Pero el tío Toni continuaba suplicando. Debía pensar que era su nieto; él, que era el padre, no podría vivir mientras no lo contemplase por última vez. Se lo imaginaría a todas horas en el fondo del lago, corrompido por las aguas, devorado por las bestias, sin la sepultura en tierra que alcanzaban los más miserables, hasta aquel Sangonera que vivió sin padre. ¡Ay! ¡Trabajar sufriendo toda la vida para asegurar el pan al hijo único, y abandonarlo después, sin saber dónde está su tumba, como los perros muertos que se arrojan en la Albufera! ¡No podía ser, padre! ¡Era muy cruel! Jamás tendría valor para navegar en el lago, pensando que tal vez su barca pasaba sobre el cadáver del hijo.

-Pare... pare! -imploraba moviendo al viejo casi dormido.

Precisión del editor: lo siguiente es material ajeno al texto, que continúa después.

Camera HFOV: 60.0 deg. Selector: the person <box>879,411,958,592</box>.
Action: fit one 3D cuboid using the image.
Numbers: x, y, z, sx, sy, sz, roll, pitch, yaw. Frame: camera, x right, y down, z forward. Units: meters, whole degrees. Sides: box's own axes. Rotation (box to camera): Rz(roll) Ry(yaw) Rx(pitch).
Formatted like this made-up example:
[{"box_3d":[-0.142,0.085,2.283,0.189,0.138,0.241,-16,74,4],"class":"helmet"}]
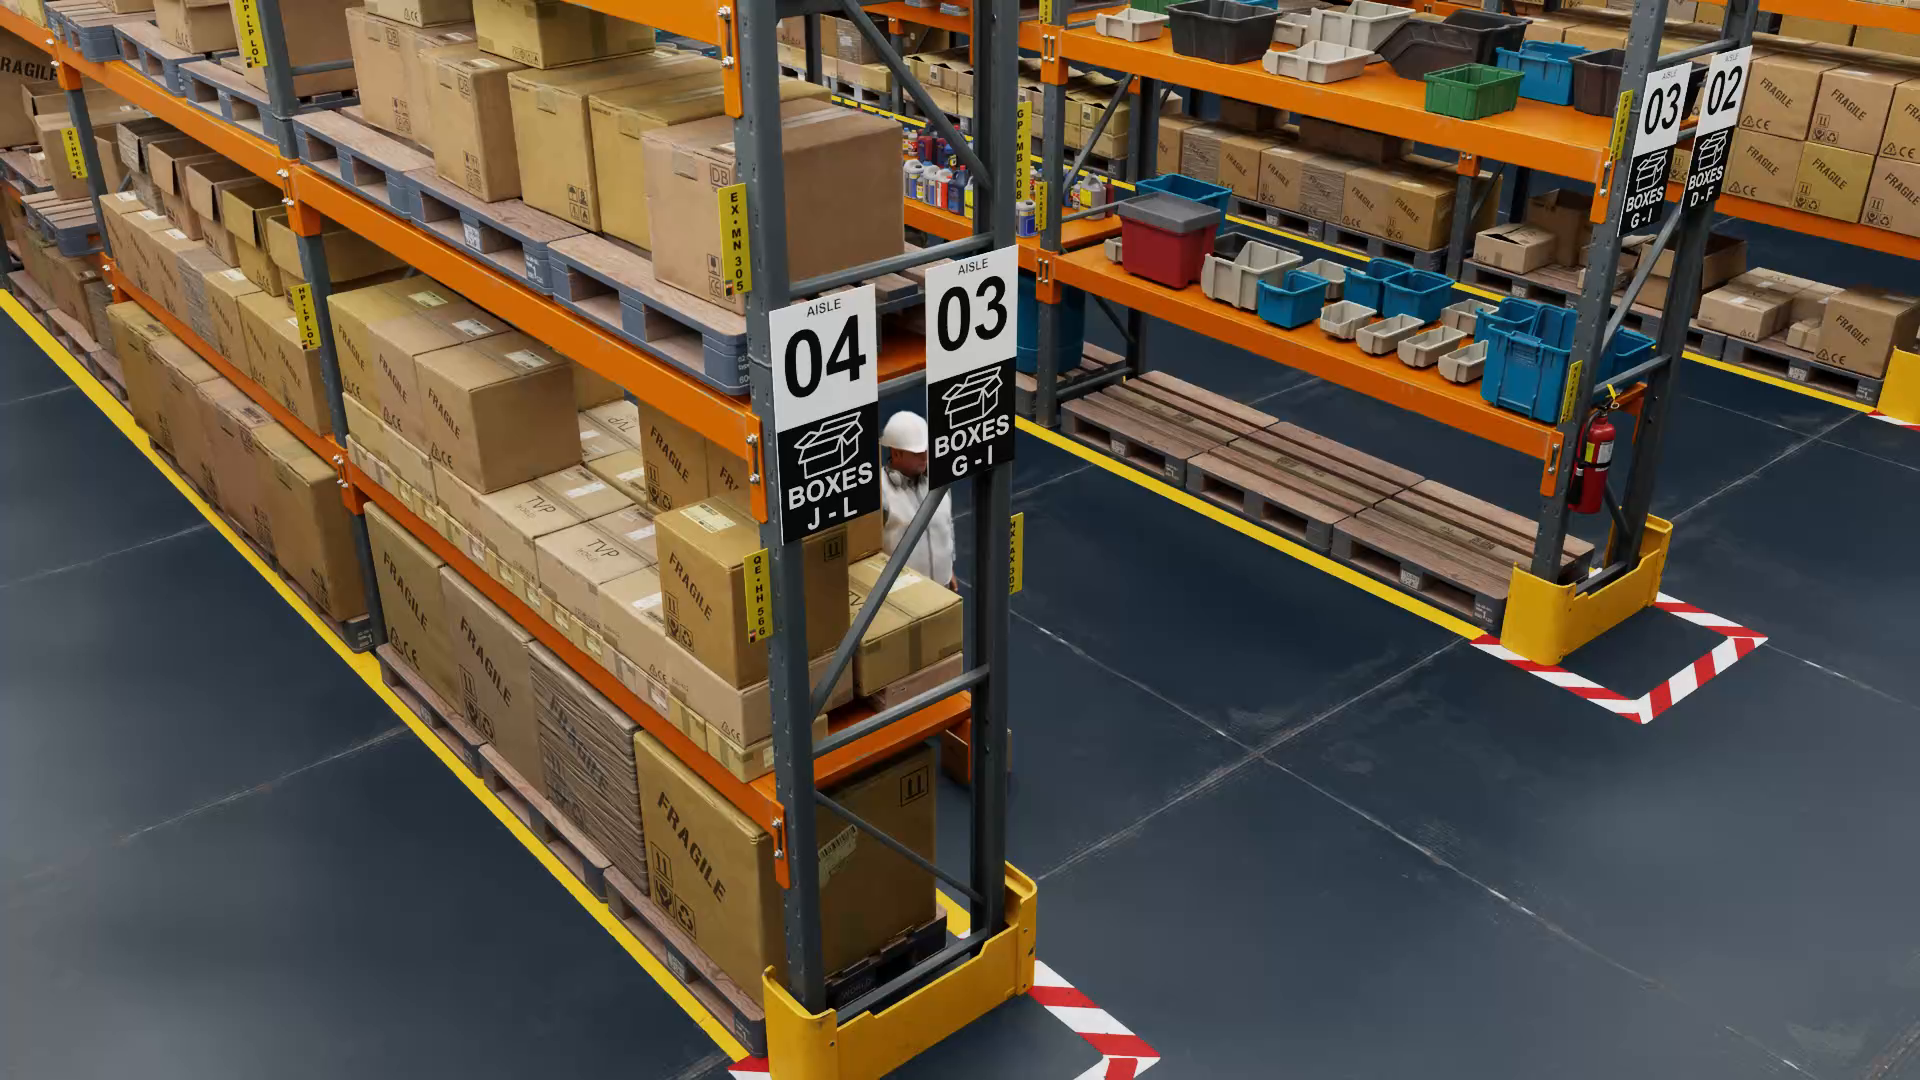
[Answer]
[{"box_3d":[-0.231,0.193,8.238,0.531,1.766,0.359,-21,34,-34],"class":"person"}]
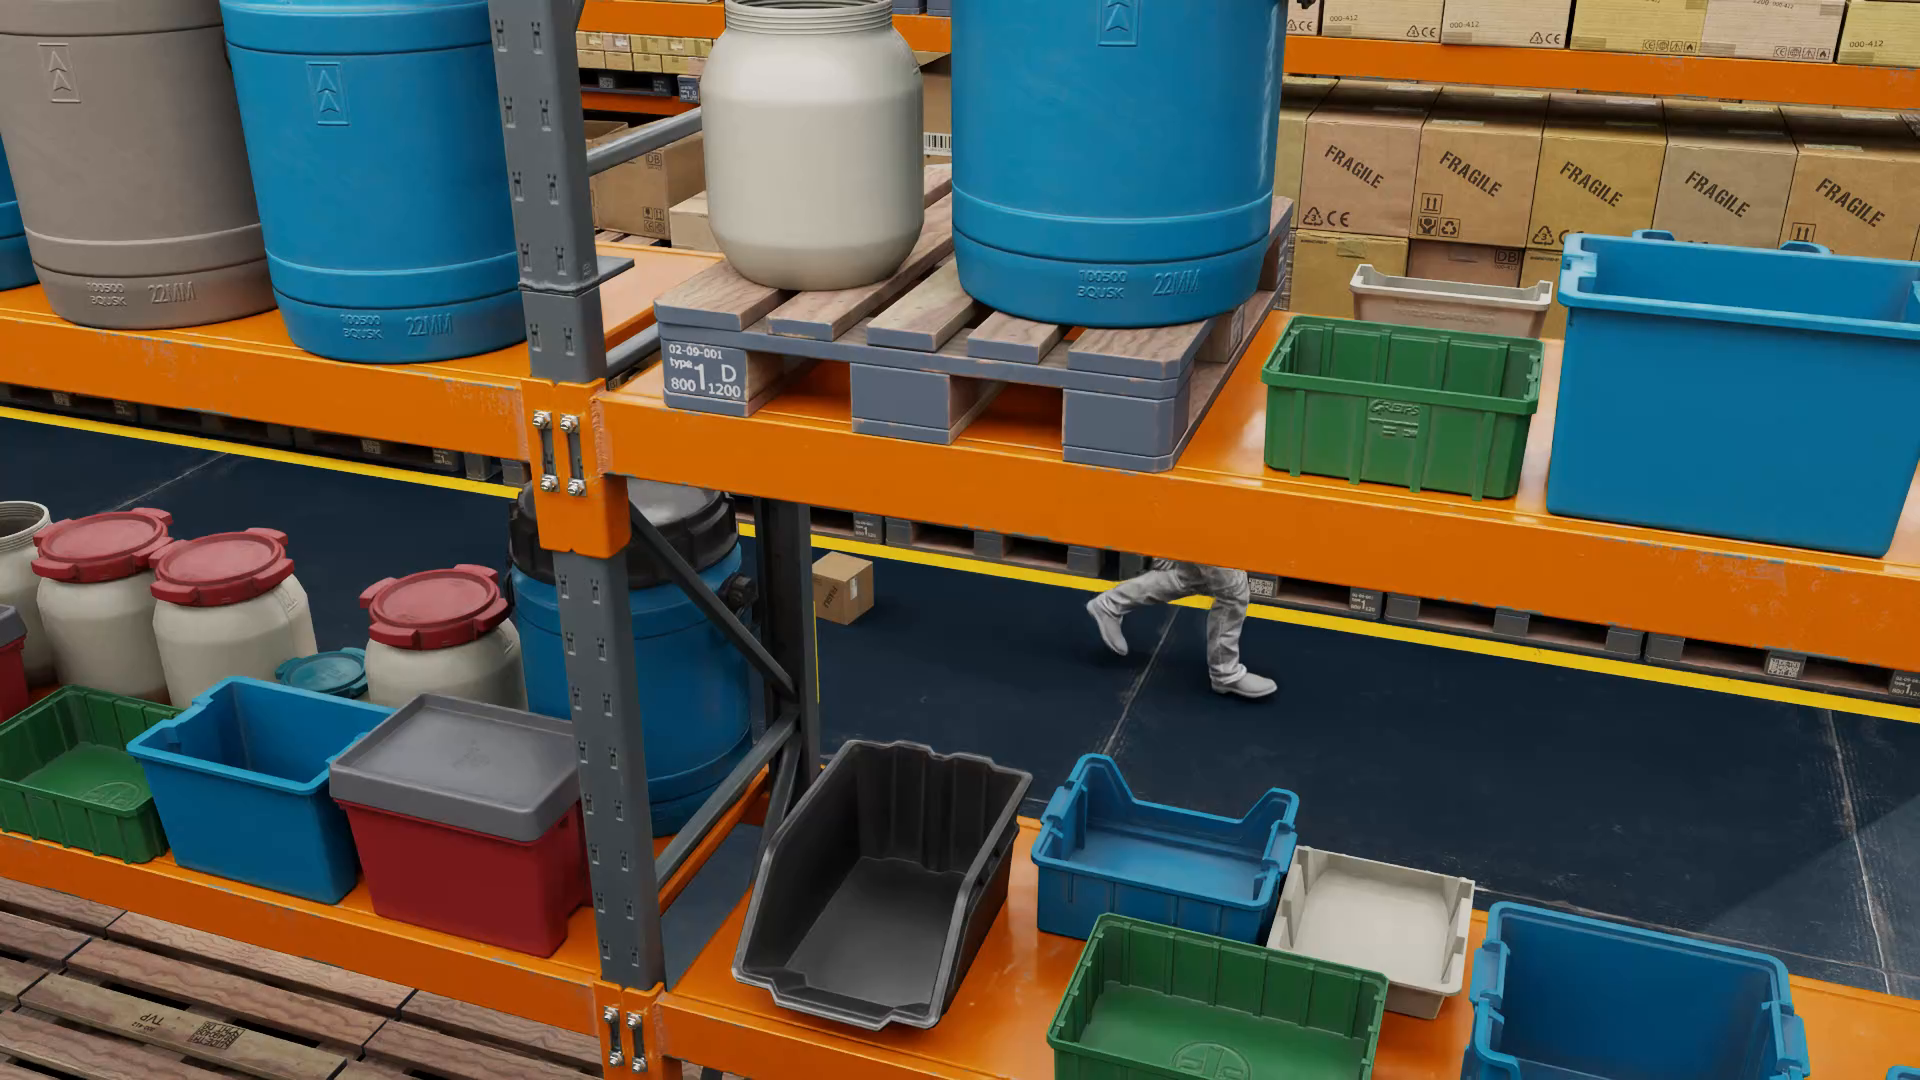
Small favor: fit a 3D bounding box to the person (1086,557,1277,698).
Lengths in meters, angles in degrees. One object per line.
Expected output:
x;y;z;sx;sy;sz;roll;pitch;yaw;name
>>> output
1.016;-0.144;7.397;0.931;1.746;0.602;7;26;15;person

El tío Paloma se irguió, como si fuese a pegarle. ¿Quería dejarle en paz? ¿Buscar él otra vez a aquel cobarde...? ¡Que le dejasen dormir! No quería revolver el barro, con peligro de hacer pública la deshonra de su familia.

-Però... a on està? -preguntaba ansioso el padre.

Él iría solo; pero ¡por Dios! debía decirle el sitio. Si el abuelo no hablaba, sentíase capaz de pasar el resto de la vida registrando el lago, aunque hiciera público su secreto.

-En la mata del Bolodró -dijo por fin el viejo-. Te costará d’encontrar. Y cerró los ojos, inclinando la cabeza para reanudar aquel sueño del que no quería salir.

El tío Toni hizo un gesto a la Borda. Cogieron sus azadones de enterradores, sus perchas de barqueros, los agudos tridentes que servían para la pesca de las piezas gruesas, encendieron un farol en la luz del candil, y en el silencio de la noche atravesaron el pueblo para embarcarse en el canal.